» Required action
The data below holds a line containing "# Tile 78 of" and a line containing "doc.units = 0"; please quote exactly those two lines and every line between them, and nothing else.
----- Material for this task
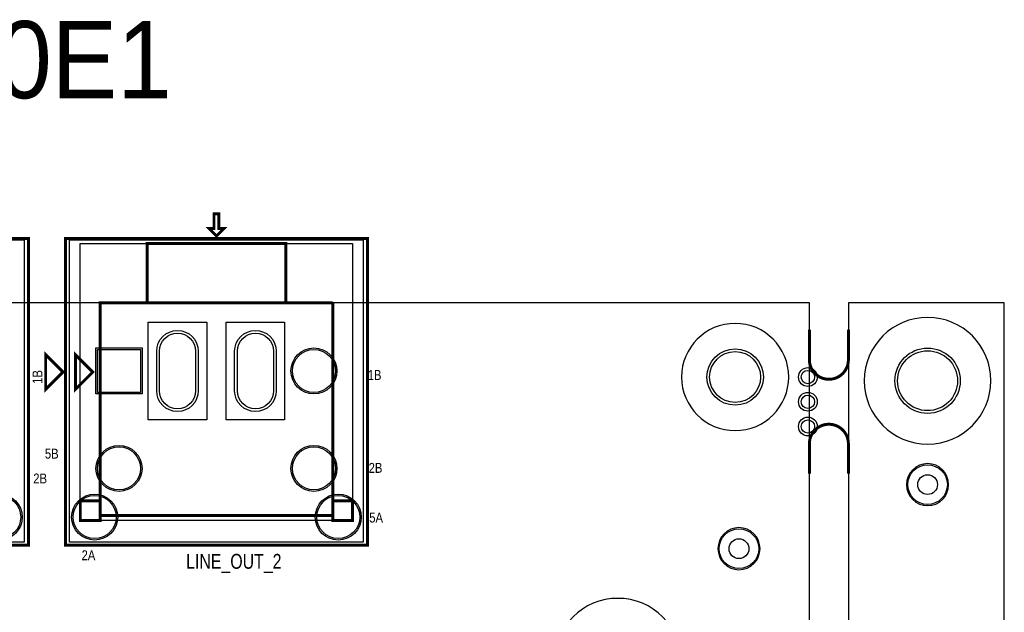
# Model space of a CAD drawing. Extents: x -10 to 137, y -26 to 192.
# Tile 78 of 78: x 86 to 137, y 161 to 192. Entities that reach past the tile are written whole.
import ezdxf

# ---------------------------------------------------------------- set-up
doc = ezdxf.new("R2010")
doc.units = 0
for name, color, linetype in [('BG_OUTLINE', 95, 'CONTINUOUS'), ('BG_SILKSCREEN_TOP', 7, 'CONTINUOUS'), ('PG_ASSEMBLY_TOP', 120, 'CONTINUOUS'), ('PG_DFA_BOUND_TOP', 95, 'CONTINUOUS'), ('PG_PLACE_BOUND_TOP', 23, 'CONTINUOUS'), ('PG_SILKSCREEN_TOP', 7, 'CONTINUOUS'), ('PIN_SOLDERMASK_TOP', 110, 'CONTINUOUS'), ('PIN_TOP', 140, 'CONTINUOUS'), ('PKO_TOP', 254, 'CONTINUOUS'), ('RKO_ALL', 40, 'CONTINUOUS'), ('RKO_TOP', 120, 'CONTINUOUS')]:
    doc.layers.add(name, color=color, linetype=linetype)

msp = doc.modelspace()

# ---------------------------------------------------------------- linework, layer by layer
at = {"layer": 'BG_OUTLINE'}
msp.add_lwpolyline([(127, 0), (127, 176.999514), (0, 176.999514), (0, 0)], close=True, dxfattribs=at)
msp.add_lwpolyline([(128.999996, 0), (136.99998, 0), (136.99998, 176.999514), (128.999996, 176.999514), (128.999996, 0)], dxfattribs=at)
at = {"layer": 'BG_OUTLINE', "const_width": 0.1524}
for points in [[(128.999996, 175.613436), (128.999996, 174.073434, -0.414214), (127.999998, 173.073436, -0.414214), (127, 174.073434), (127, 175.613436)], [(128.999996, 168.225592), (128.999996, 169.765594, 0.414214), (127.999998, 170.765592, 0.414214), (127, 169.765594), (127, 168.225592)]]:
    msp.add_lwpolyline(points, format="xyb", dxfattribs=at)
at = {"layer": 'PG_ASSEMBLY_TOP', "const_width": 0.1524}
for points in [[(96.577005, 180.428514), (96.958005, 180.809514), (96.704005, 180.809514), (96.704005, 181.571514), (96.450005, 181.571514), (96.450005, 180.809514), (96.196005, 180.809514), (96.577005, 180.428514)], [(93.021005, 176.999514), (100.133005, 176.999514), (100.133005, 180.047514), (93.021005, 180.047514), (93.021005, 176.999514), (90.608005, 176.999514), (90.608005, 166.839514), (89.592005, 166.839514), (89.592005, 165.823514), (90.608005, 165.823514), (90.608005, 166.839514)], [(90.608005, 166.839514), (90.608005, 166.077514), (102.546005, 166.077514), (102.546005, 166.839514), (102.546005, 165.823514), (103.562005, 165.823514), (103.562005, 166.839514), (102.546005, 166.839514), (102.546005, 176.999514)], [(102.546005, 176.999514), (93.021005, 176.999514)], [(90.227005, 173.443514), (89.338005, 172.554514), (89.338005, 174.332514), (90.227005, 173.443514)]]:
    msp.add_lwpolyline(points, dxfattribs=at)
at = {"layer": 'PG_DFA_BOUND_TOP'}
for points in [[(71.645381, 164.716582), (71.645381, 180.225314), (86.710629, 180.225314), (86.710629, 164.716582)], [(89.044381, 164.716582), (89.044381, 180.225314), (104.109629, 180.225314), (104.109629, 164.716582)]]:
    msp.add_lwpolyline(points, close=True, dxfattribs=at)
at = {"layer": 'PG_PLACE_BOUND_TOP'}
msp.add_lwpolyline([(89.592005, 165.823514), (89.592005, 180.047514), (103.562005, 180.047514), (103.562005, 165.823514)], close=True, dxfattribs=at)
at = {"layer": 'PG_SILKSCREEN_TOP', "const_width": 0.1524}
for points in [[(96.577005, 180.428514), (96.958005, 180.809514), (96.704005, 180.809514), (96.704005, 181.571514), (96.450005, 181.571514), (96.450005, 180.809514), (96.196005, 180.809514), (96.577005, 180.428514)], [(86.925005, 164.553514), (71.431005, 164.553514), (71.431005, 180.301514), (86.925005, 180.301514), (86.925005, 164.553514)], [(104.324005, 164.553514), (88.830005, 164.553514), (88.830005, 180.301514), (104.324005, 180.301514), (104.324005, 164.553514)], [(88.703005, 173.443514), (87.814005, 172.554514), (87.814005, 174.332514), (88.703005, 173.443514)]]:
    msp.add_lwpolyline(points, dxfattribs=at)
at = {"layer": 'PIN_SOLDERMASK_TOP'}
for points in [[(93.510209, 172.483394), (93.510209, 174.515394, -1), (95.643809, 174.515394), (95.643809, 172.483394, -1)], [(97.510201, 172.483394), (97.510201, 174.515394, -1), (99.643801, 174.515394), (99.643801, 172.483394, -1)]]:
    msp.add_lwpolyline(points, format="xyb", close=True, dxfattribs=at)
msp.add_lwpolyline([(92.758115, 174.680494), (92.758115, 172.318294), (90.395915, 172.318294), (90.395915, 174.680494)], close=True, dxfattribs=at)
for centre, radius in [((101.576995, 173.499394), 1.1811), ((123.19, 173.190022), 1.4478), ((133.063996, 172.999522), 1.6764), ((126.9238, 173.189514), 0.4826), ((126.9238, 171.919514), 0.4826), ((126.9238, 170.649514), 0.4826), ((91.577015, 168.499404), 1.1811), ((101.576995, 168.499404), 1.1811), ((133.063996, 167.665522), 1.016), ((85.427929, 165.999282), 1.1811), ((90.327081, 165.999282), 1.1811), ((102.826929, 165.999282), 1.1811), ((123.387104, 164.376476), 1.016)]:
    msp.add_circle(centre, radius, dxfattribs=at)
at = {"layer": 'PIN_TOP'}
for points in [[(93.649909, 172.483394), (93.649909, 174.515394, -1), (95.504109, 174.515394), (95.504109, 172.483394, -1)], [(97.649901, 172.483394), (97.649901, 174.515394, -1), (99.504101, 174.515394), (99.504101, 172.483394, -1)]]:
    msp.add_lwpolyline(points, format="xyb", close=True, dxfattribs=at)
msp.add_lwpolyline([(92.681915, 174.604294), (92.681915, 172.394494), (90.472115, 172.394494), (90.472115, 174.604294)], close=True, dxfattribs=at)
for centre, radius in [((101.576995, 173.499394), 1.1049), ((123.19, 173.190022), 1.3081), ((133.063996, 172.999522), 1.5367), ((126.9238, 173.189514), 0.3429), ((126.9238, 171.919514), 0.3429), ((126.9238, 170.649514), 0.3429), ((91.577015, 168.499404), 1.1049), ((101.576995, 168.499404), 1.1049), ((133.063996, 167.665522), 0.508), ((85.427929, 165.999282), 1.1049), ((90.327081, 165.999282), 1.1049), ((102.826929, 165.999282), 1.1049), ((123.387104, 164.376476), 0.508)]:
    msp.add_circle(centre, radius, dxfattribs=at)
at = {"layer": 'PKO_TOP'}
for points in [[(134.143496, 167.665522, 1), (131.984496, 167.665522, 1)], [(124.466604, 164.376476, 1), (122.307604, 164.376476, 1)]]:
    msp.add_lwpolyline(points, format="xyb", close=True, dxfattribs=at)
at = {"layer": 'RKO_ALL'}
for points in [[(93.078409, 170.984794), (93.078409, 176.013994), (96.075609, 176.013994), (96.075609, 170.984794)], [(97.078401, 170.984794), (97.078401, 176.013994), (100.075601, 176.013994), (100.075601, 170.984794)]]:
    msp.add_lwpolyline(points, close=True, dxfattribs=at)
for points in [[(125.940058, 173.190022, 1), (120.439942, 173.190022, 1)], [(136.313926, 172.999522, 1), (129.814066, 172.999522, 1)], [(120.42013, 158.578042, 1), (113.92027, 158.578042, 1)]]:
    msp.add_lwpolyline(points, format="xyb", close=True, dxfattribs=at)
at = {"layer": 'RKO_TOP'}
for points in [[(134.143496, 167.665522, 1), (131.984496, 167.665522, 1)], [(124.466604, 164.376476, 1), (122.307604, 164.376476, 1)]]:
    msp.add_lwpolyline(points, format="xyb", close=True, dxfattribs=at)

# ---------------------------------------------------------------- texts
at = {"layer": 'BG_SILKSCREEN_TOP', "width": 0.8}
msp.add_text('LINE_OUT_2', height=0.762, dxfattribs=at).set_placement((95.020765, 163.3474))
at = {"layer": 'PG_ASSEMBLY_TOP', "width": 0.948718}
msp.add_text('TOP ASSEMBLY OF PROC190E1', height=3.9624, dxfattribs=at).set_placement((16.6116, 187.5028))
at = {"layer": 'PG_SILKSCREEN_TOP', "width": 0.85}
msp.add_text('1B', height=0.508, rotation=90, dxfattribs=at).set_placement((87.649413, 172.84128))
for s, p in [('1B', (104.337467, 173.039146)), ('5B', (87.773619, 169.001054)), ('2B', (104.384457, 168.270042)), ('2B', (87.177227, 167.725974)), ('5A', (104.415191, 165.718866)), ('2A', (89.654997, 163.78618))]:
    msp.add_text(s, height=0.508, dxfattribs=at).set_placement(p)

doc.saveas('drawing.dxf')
----------
» Result
# Tile 78 of 78: x 86 to 137, y 161 to 192. Entities that reach past the tile are written whole.
import ezdxf

# ---------------------------------------------------------------- set-up
doc = ezdxf.new("R2010")
doc.units = 0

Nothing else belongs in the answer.